I came back from a two week vacation and after 2.5 days, shortly before lunch, I couldn’t type my password anymore. I’ve been using this password for the last couple of years and entered it on average maybe 10 times per day. The visual or concrete representation I had long forgotten. I was only relying on my muscle memory and the rhythm when entering it. Now something was missing and with every failed attempt the stress level increased and I started training the wrong password.

After two days I decided to start from scratch. Clean install, reset all passwords (I still knew my email password), take care of online banking accounts, paypal, serial numbers and pass phrases for my ssh keys which were deployed on about 700 hosts (!!!) – all of which was stored in my Keychain on OS X. I still had an unencrypted backup from 6 months ago with the bulk of my old data. My online backup, which I was so proud about, was encrypted with the same forgotten password, which rendered it useless. My SSD was FileVault encrypted so the recent data was completely lost.

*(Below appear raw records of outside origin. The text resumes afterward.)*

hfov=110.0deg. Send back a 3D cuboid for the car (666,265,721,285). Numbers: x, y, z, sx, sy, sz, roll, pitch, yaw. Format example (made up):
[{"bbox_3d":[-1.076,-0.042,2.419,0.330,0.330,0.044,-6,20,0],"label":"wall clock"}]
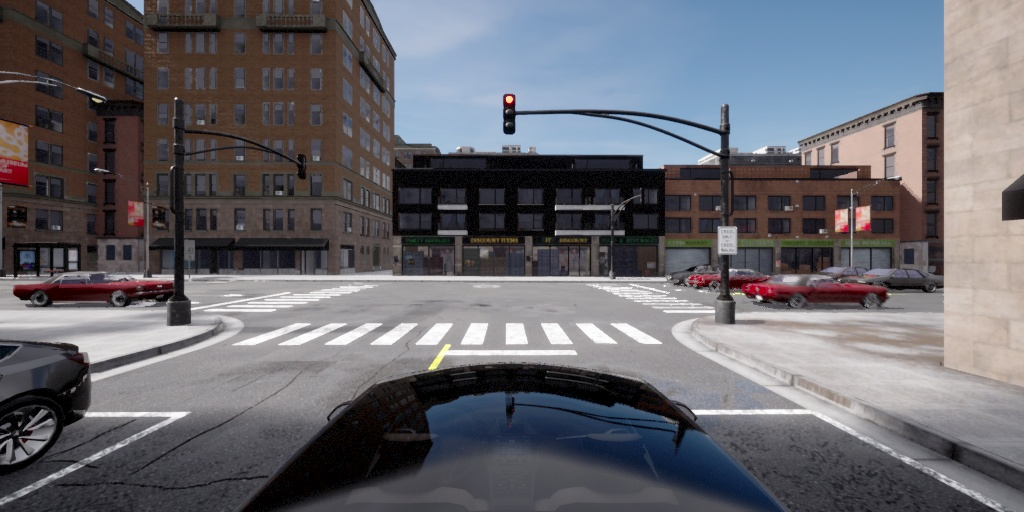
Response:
[{"bbox_3d":[13.161,1.329,24.573,4.892,1.490,1.837,0,0,-1],"label":"car"}]

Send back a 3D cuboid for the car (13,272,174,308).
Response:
[{"bbox_3d":[-16.206,1.280,14.226,4.718,1.301,1.895,0,0,-1],"label":"car"}]

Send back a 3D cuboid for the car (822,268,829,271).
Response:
[{"bbox_3d":[22.905,1.422,24.707,5.357,1.411,2.033,0,0,-1],"label":"car"}]

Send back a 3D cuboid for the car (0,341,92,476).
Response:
[{"bbox_3d":[-5.388,1.316,2.073,1.948,1.339,4.313,0,0,-1],"label":"car"}]

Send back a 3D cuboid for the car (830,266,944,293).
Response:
[{"bbox_3d":[22.718,1.421,21.451,5.357,1.411,2.033,0,0,-1],"label":"car"}]

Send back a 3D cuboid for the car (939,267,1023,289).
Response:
[{"bbox_3d":[32.829,1.492,24.831,4.181,1.385,1.994,0,0,-1],"label":"car"}]

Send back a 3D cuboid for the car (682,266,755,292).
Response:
[{"bbox_3d":[13.071,1.424,21.323,4.718,1.301,1.895,0,0,-1],"label":"car"}]

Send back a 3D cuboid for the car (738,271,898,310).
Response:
[{"bbox_3d":[12.274,1.420,14.608,4.718,1.301,1.895,0,0,-1],"label":"car"}]
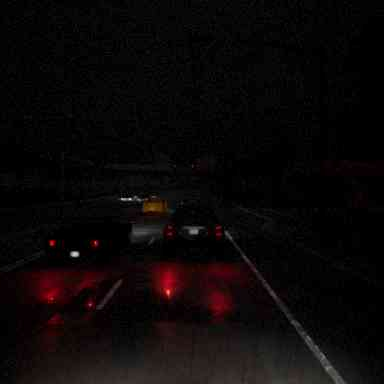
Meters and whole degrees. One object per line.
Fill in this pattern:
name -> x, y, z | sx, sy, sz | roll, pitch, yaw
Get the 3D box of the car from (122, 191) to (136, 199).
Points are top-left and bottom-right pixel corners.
car -> -14.021, 0.775, 72.754 | 1.994, 1.385, 4.181 | 0, 1, 0

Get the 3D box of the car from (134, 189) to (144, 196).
car -> -14.025, 0.184, 88.532 | 2.097, 1.767, 4.553 | 0, 2, 0

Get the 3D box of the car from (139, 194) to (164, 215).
car -> -3.420, 1.259, 31.301 | 1.882, 1.535, 5.008 | 0, 0, 0

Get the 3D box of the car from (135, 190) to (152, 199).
car -> -10.521, 0.700, 72.838 | 1.882, 1.535, 5.008 | 0, 1, 0

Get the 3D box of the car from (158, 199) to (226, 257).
car -> 0.074, 1.267, 12.739 | 2.097, 1.767, 4.553 | 0, 1, 0

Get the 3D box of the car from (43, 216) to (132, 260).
car -> -3.426, 1.517, 11.974 | 1.895, 1.301, 4.718 | 0, 0, 0

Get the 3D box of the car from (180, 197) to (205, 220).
car -> 0.068, 1.289, 27.600 | 1.882, 1.535, 5.008 | 0, 1, 0

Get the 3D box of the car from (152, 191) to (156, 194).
car -> -10.525, 0.373, 88.489 | 2.033, 1.411, 5.357 | 0, 2, 0
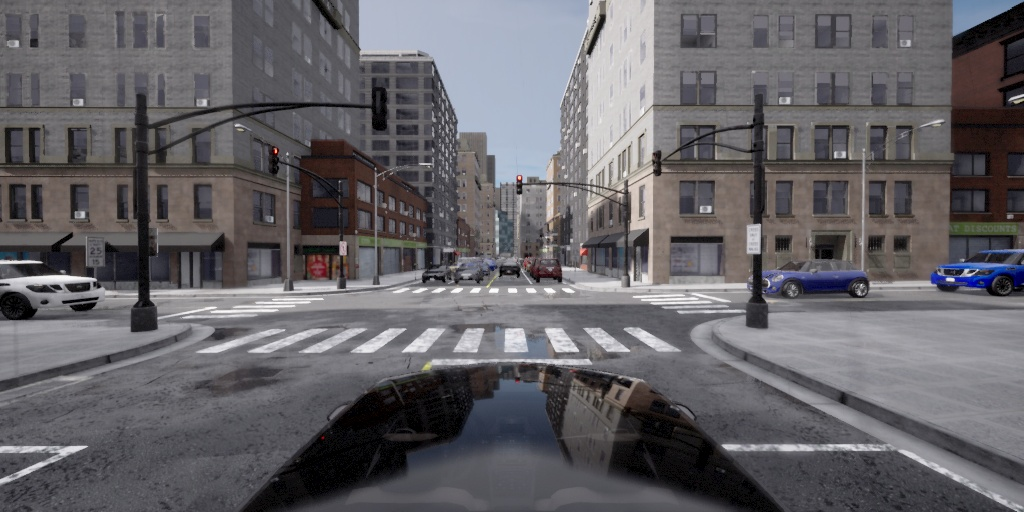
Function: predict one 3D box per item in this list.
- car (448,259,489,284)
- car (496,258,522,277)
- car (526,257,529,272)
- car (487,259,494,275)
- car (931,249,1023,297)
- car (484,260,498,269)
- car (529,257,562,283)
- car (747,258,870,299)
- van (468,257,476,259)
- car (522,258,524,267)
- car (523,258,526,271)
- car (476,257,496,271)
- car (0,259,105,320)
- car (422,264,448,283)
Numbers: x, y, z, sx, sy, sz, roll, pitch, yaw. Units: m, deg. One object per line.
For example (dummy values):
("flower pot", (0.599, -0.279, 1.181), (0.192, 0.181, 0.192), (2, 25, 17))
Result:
("car", (-3.201, 1.245, 27.292), (2.128, 1.511, 4.902), (0, 0, 0))
("car", (-0.195, 1.232, 34.937), (1.882, 1.535, 5.008), (0, 0, 2))
("car", (2.725, 1.069, 33.744), (2.192, 1.841, 5.009), (0, 0, 0))
("car", (-3.242, 1.302, 37.113), (2.033, 1.411, 5.357), (0, 0, 0))
("car", (22.980, 0.708, 16.541), (5.566, 2.045, 2.150), (-1, 1, 0))
("car", (-3.292, 1.298, 57.426), (2.033, 1.411, 5.357), (0, 0, 0))
("car", (2.749, 1.068, 28.158), (2.192, 1.841, 5.009), (0, 0, 0))
("car", (13.404, 0.938, 16.435), (4.553, 1.767, 2.097), (-1, 1, -1))
("van", (-5.851, 1.094, 44.878), (1.690, 1.789, 3.998), (0, 0, 0))
("car", (2.655, 1.067, 50.501), (2.192, 1.841, 5.009), (0, 0, 0))
("car", (2.678, 1.279, 45.085), (1.751, 1.417, 4.829), (0, 0, 0))
("car", (-3.273, 1.231, 47.045), (1.882, 1.535, 5.008), (0, 0, 0))
("car", (-18.449, 1.145, 12.986), (5.566, 2.045, 2.150), (-1, 1, -2))
("car", (-5.777, 1.319, 28.121), (1.948, 1.339, 4.313), (0, 0, 0))
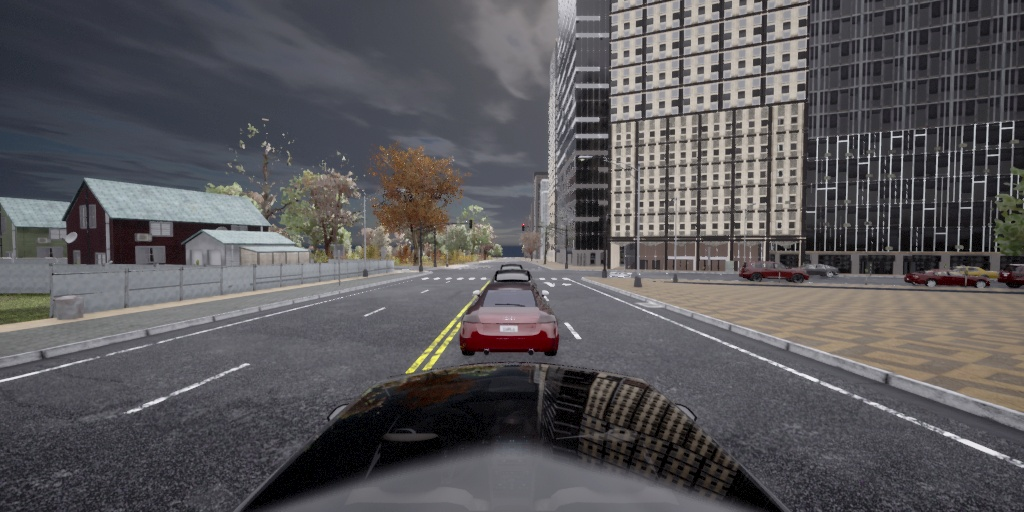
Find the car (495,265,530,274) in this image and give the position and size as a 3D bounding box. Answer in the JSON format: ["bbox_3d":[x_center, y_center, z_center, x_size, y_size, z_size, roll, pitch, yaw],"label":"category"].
[{"bbox_3d":[0.028,1.250,14.007,1.837,1.490,4.892,0,0,0],"label":"car"}]

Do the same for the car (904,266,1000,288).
[{"bbox_3d":[33.626,1.715,27.815,4.507,1.381,1.888,0,0,20],"label":"car"}]

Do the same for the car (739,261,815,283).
[{"bbox_3d":[22.974,1.394,31.699,5.009,1.841,2.192,0,0,20],"label":"car"}]

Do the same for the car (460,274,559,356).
[{"bbox_3d":[-0.033,1.311,8.622,1.994,1.385,4.181,0,0,1],"label":"car"}]

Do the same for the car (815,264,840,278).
[{"bbox_3d":[31.000,1.469,37.157,4.403,1.370,2.007,0,0,20],"label":"car"}]

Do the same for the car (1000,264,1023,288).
[{"bbox_3d":[38.951,1.531,25.873,5.009,1.841,2.192,0,0,20],"label":"car"}]
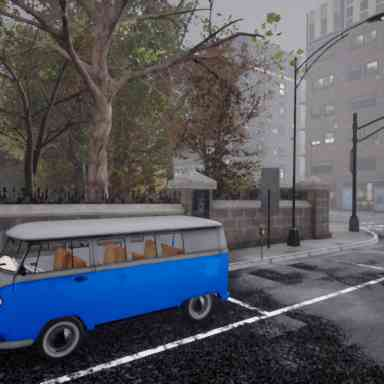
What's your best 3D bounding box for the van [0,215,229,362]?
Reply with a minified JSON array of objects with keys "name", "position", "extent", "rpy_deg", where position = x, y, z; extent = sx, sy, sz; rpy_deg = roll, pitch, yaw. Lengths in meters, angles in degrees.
[{"name":"van","position":[-1.219,1.342,5.621],"extent":[3.998,1.788,1.690],"rpy_deg":[0,1,-35]}]

In parallel I started a text file and every now and then tried to tap my muscle memory for the correct password to avoid repeating the wrong one and also to see which parts of the password were the same each time.

From that I knew that the password was between 17 and 19 characters long. I was pretty confident about the first 11 and the last 2 characters which left me with 6 unknown. Luckily I could also limit the set of characters that could have appeared in that position and with healthy brute forcing effort I finally have my password back. I forgot about 2 characters.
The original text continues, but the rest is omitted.